María Gracia lo miró con cansancio.
–¿Una voz?
–Sí, mamá... una voz. En la capilla –explicó el niño–. La escuché mientras rezaba el Padrenuestro.
–¿Y qué decía?
–Primero pensé que era el viento, pero después escuché clarito «Dios mío, por favor» –aseguró el niño.
Celeste se rio mostrando las migas de torta que todavía masticaba.
–Seguramente escuchaste tu propio eco, Raimundo –dijo María Gracia acariciando la cabeza de su hija menor–. Cuando alguien está muy concentrado rezando es capaz de escuchar su propia voz. No te preocupes por eso. ¿Quieres torta?
Raimundo asintió y se sentó junto a su hermana. Carmen puso frente a él un trozo muy grueso.

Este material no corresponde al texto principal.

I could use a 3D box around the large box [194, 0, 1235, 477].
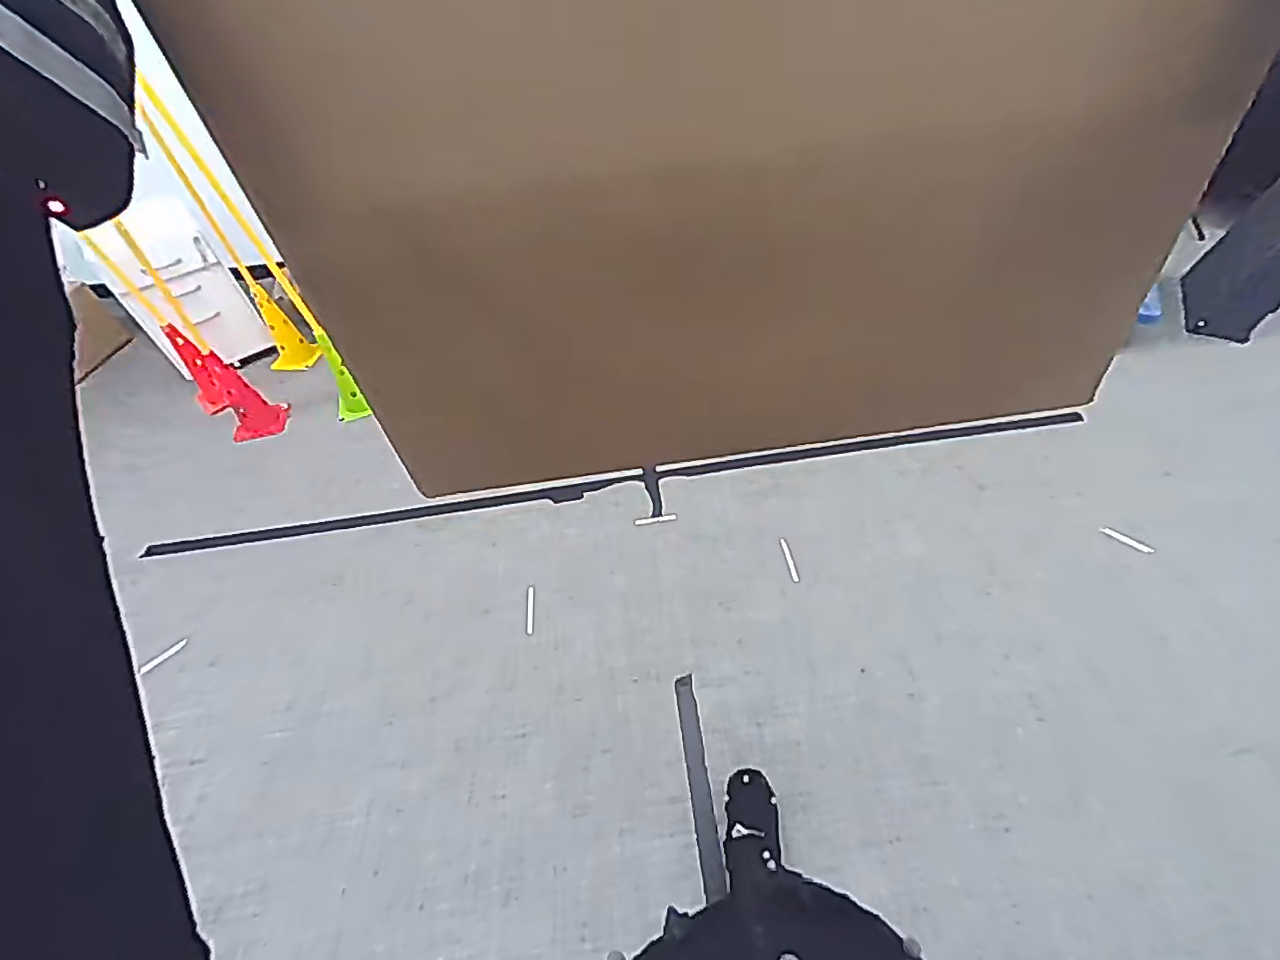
[{"bbox_3d":[0.033,-0.235,0.348,0.408,0.320,0.320,-8,43,1],"label":"large box"}]
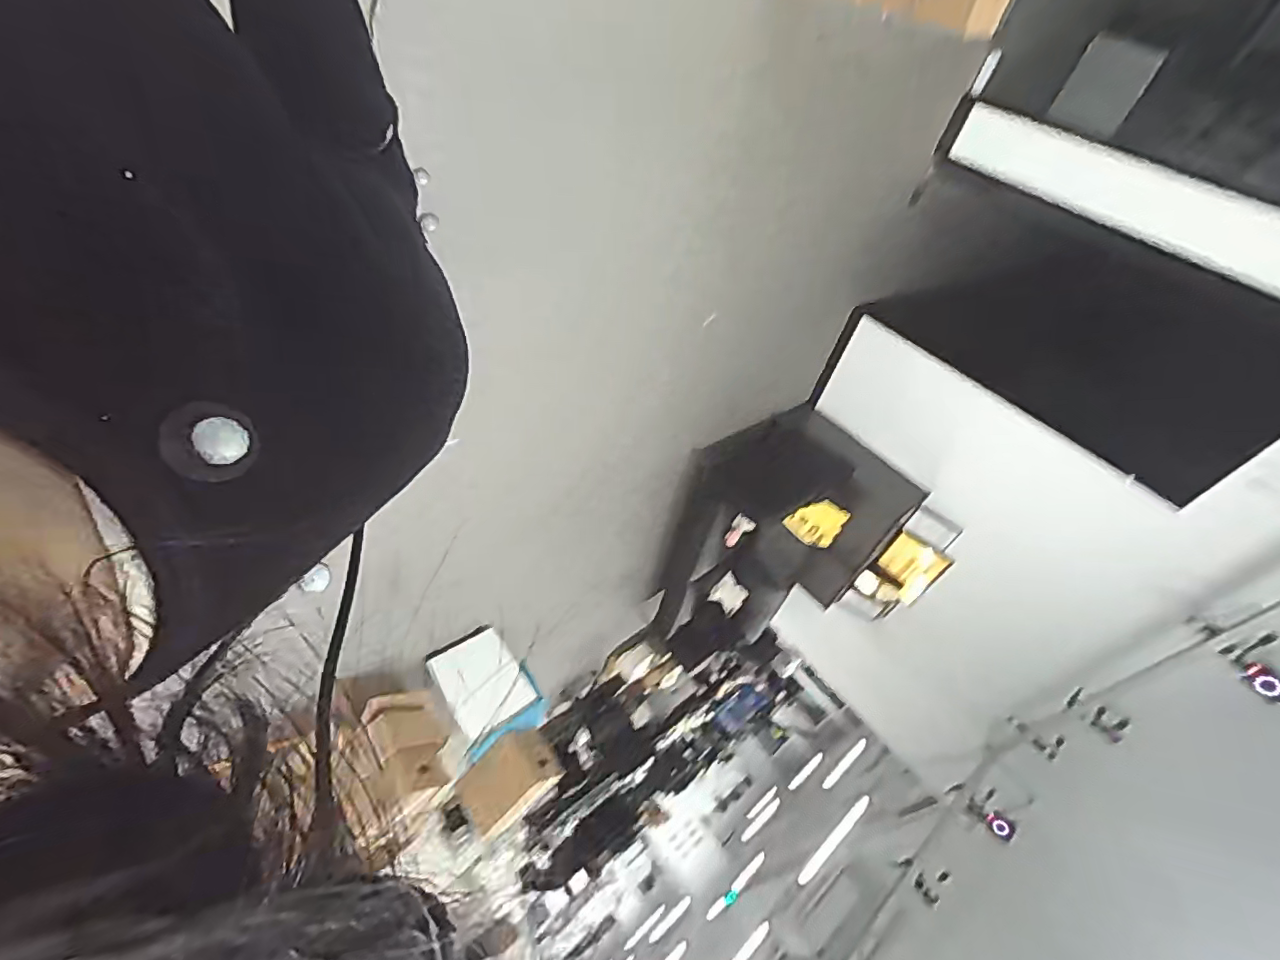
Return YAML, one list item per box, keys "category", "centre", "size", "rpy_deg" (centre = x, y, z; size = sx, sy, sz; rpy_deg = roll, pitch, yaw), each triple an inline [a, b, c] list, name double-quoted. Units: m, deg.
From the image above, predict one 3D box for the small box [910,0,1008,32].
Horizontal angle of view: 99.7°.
- category: "small box"
  centre: [0.823, -1.249, 1.353]
  size: [0.179, 0.176, 0.168]
  rpy_deg: [-27, 148, -30]

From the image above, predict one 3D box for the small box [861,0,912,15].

María Gracia salió de la cocina en dirección al living dejando a sus dos hijos ocupados con el dulce. Carmen aprovechó para acercarse al niño y susurrarle:
–Quizás fue la voz de un ángel.
Raimundo se quedó pensando todo el día en el «eco del ángel», así decidió llamarle. Pero le inquietaba que las voces de los ángeles fueran tan feas, porque ese «Dios mío, por favor» había sonado como un llanto. Le contó la anécdota al padre Giuseppe en la cena y el religioso le dijo que con mayor razón tenía que cumplir con la penitencia, porque de seguro los ángeles querían estar cerca de él para su primera comunión. Celeste dijo que ella también quería escucharlos y se puso a llorar. Su madre la consoló diciendo que todos tenían un ángel de la guarda y que no era necesario oírlos porque siempre estaban ahí custodiando, así como los carabineros custodiaban la Casa Roja para cuidar a la familia. En ese momento el doctor Szigethy llegó al comedor para anunciar que don Leonidas había tomado sus medicamentos y que ahora descansaba. Rechazó la invitación a cenar y se marchó después de darle algunas indicaciones a María Gracia y a la enfermera.